The low oven temperature slowly dries the exterior without aggressively browning it. That is what gives pavlova its classic contrast: a shell that feels crisp and fragile outside, with a center that stays tender and slightly chewy-soft.
Expert Tips for the Best Pavlova
- Add the sugar slowly: This is one of the biggest texture details. If the sugar goes in too fast, the meringue can stay grainy and less stable.
- Use a completely clean bowl: Any grease, butter, or trace of egg yolk can interfere with volume.
- Do not rush the bake: Pavlova needs low, gentle heat. A hotter oven can brown it too fast or create a weaker texture.
- Cool it gradually: Sudden temperature changes can lead to more dramatic collapse or cracking.
- Top it close to serving time: Once whipped cream and fruit are added, the shell starts to soften.

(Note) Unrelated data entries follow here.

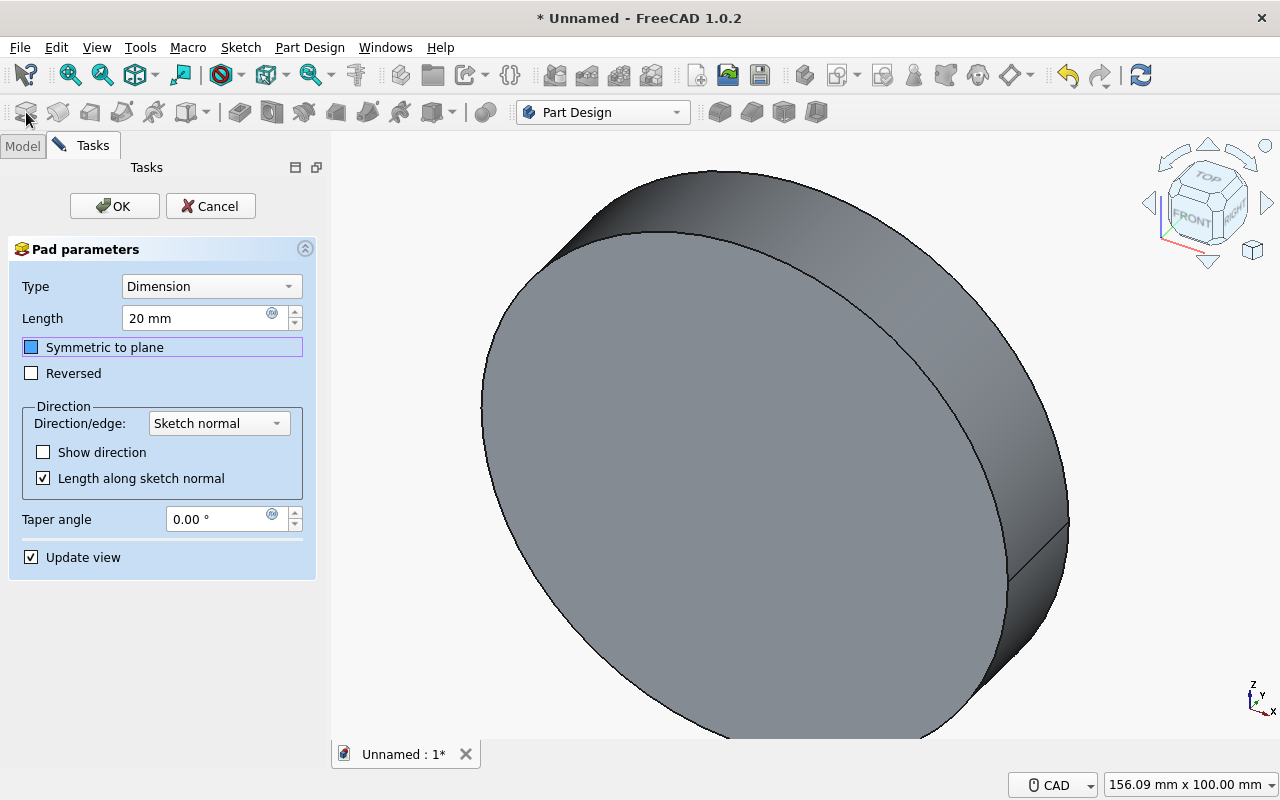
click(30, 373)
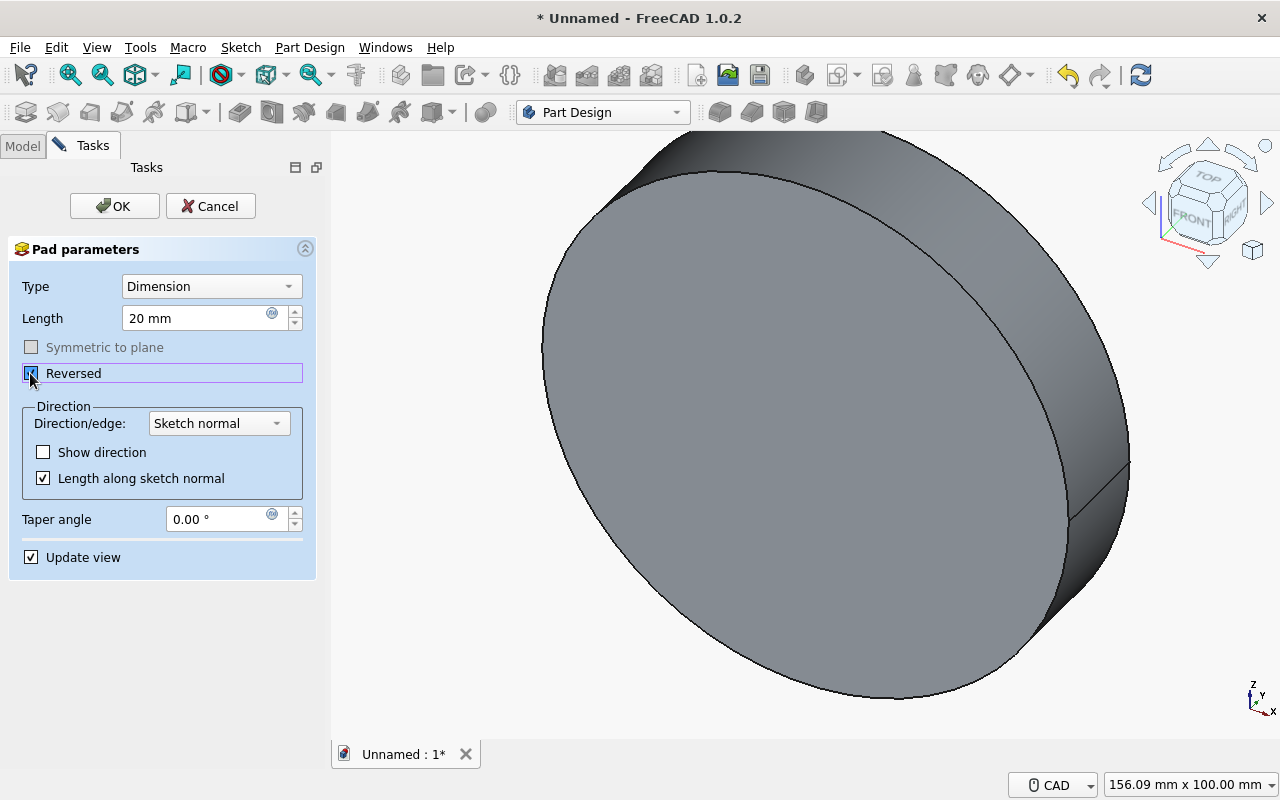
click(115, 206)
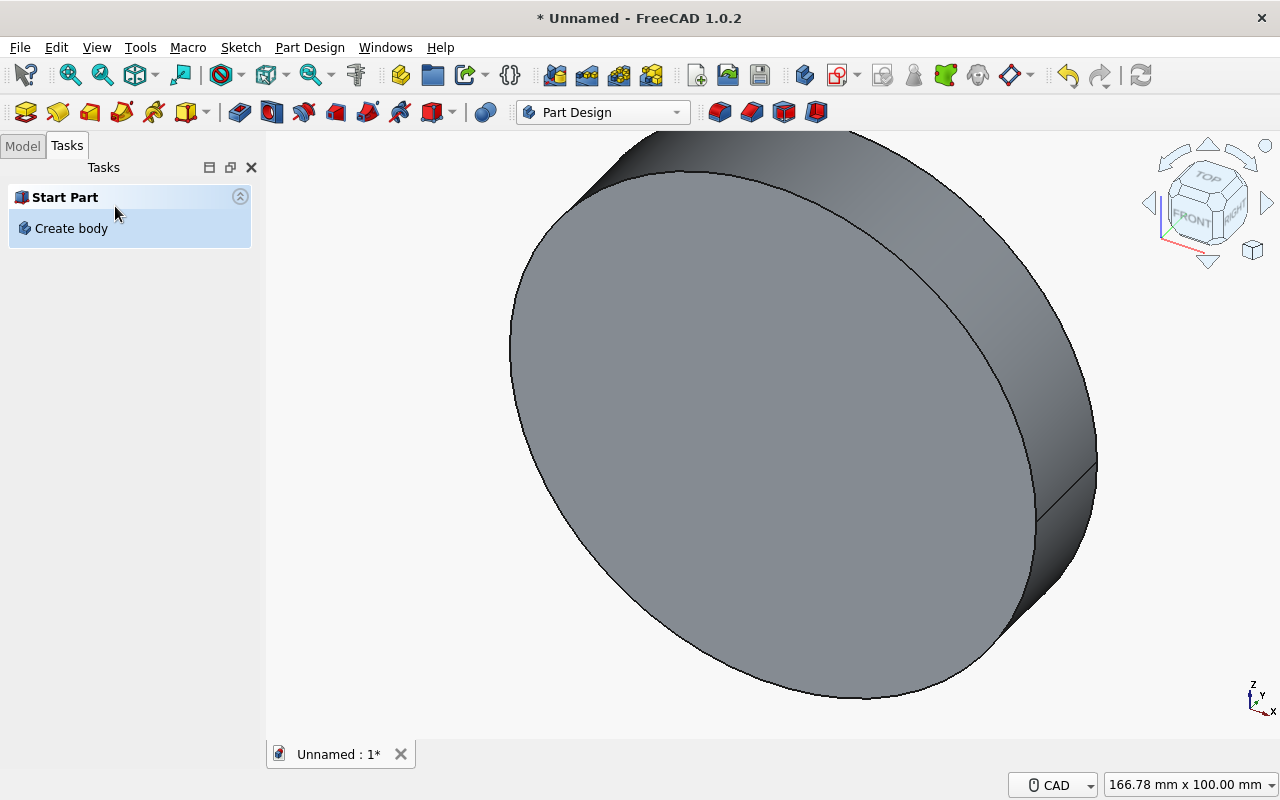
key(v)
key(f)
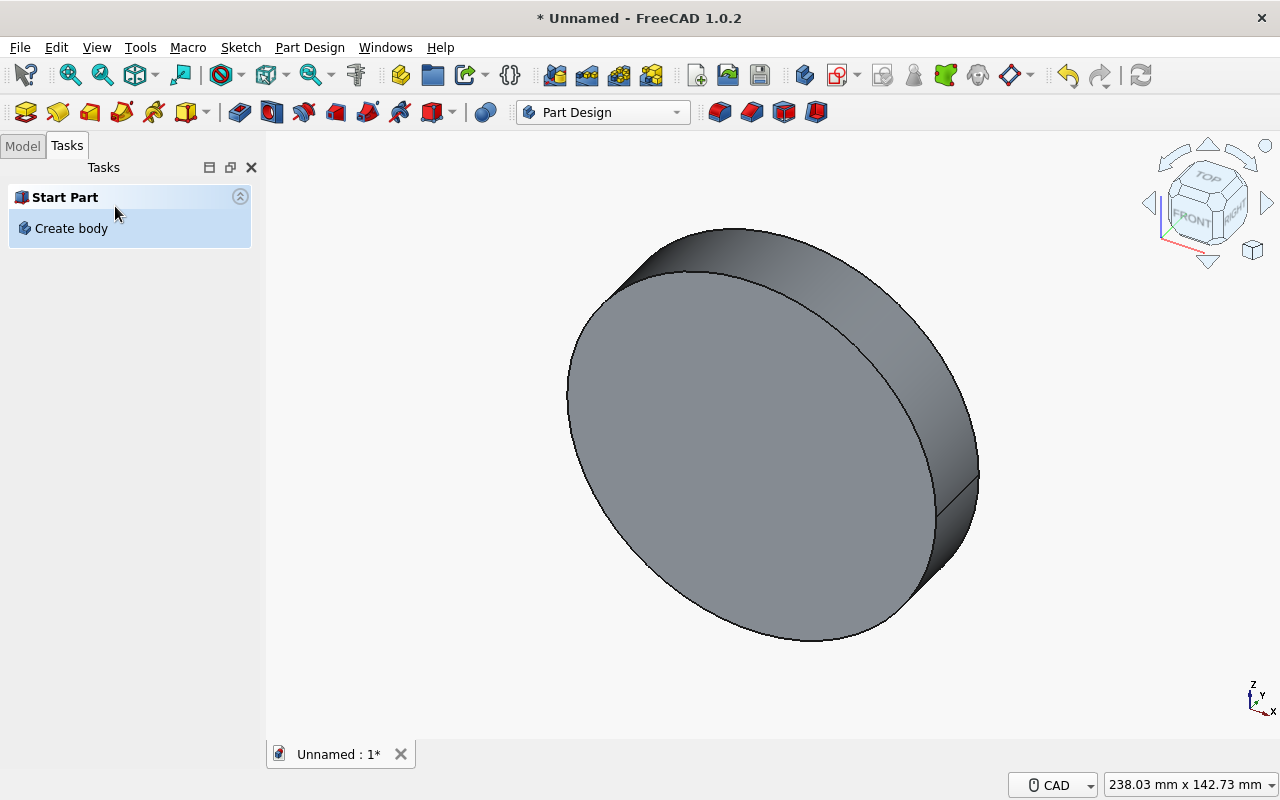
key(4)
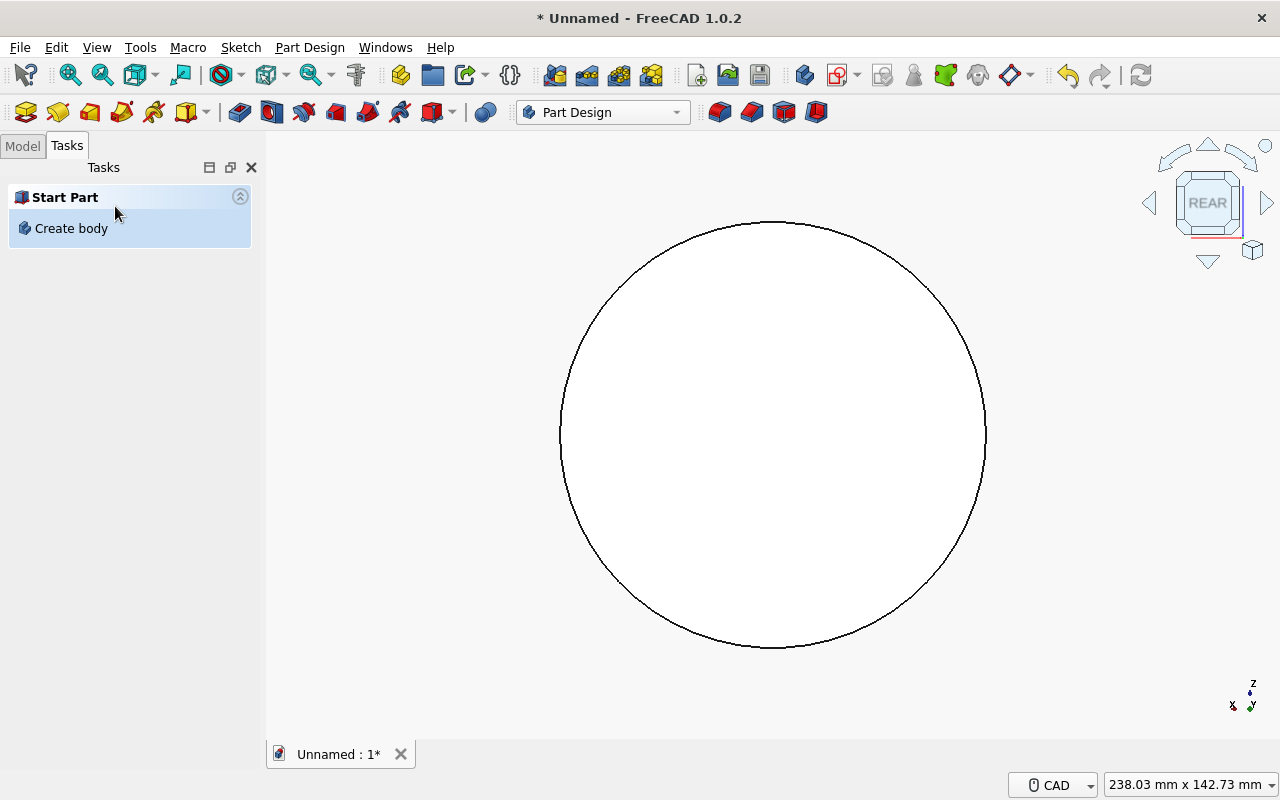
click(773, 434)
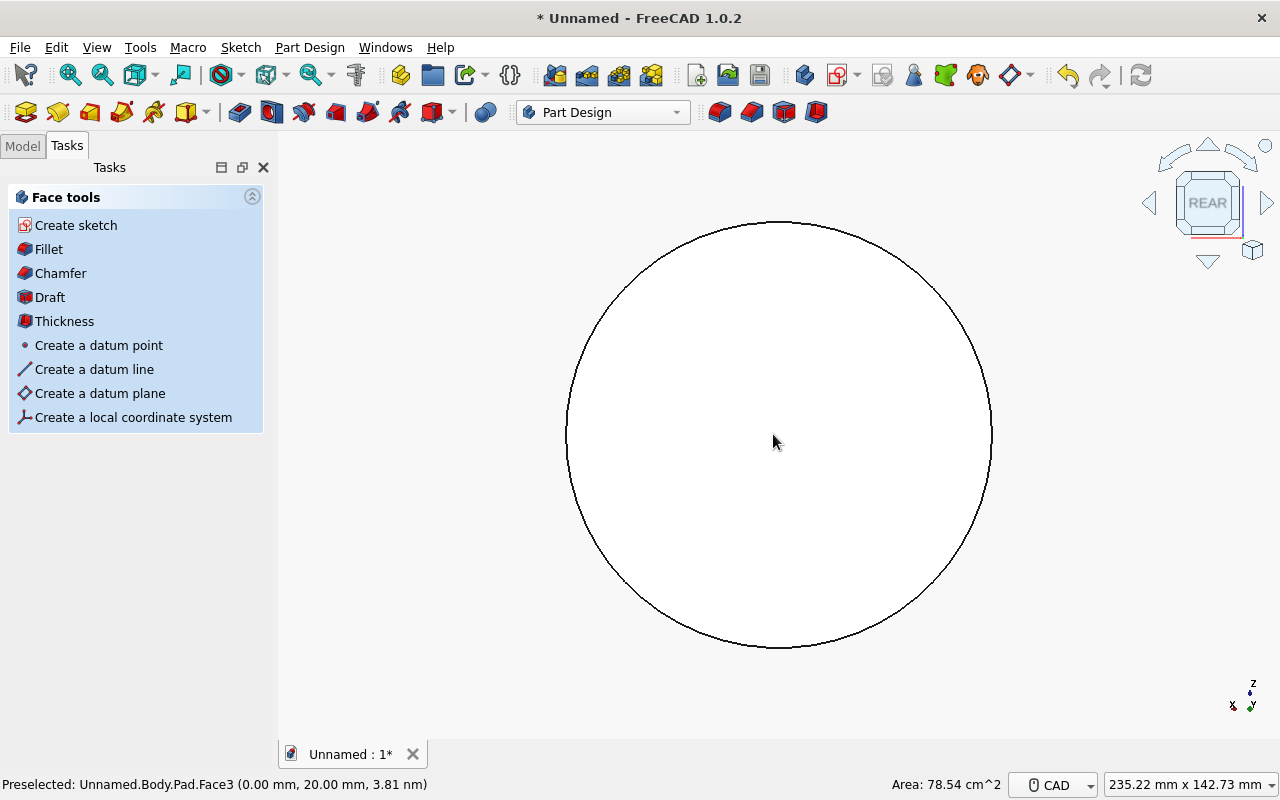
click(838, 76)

It is best assembled shortly before serving.
Common Mistakes to Avoid
- Overbeating or underbeating the egg whites: Underbeaten whites will not hold shape well. Overbeaten whites can become clumpy and dry.
- Adding sugar too quickly: This can keep it from dissolving properly and leave the texture grainy.
- Baking at too high a temperature: That often leads to color before the shell has properly dried.
- Opening the oven repeatedly: Temperature swings can affect the structure while it bakes.
- Topping too early: Whipped cream and juicy fruit can soften the crust faster than you want.
Fun Variations
A Cozy Thanksgiving Pavlova
Give your pavlova recipe a festive fall makeover! This version of the classic Pavlova dessert trades summer berries for warm, comforting toppings. Think spiced pumpkin cream, soft caramelized apples, and a fluffy cinnamon whipped cream. It’s a simple way to make your holiday dessert feel extra special!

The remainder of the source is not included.